“Babe, kenapa delete conversation dekat Twitter?”
I don’t know how to explain my actions. I never let a
conversation stay in my timeline. Ever. I delete them a day after I post them.
I hate being judged online. I hate it when people see the
way I speak in real life (because it’s pretty much how I say things online).
This is going to sound weird but I hate being portrayed and seen as ‘fine’. I
hate it when people think that I don’t have a problem.
Most of my tweets and retweets consists of sadness and pain,
about being strong, about being forgotten. And I love them that way. I barely
tweet things myself. I just other people speak for me. I hate to see my own
post on my own timeline. I hate it when I’m not silent.

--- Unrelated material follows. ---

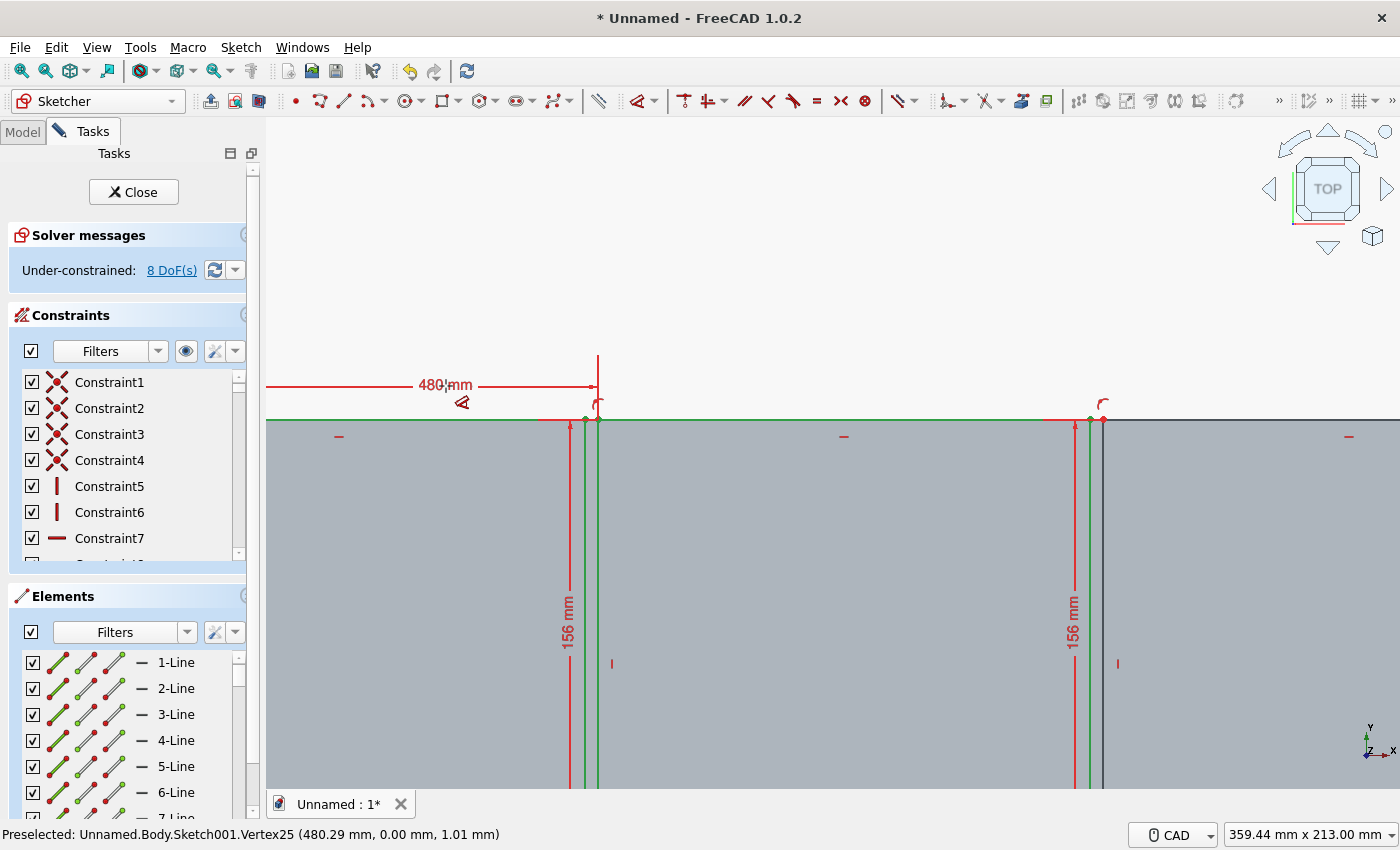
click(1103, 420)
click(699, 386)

I used to think that tweeting about everything everyday was
fun and harmless until I got into a fight with a bunch of people over a bunch
of tweets. I learned my lesson and it changed me. I don’t see the point of
talking if people don’t want to know about it or if it hurts people. I don’t see
the point if telling if it’s only going to make me hurt and uncomfortable.
I have lived in sadness for years, and when I don’t feel it,
I feel nothing. I feel the need to feel sad. I feel the need to be silent. I am
happy in my sorrows.
I’m sorry if anyone ever felt like I don’t care about them
or how rude of me to be deleting the conversations. I mean what I say; I just
don’t feel comfortable enough to let the public know about me.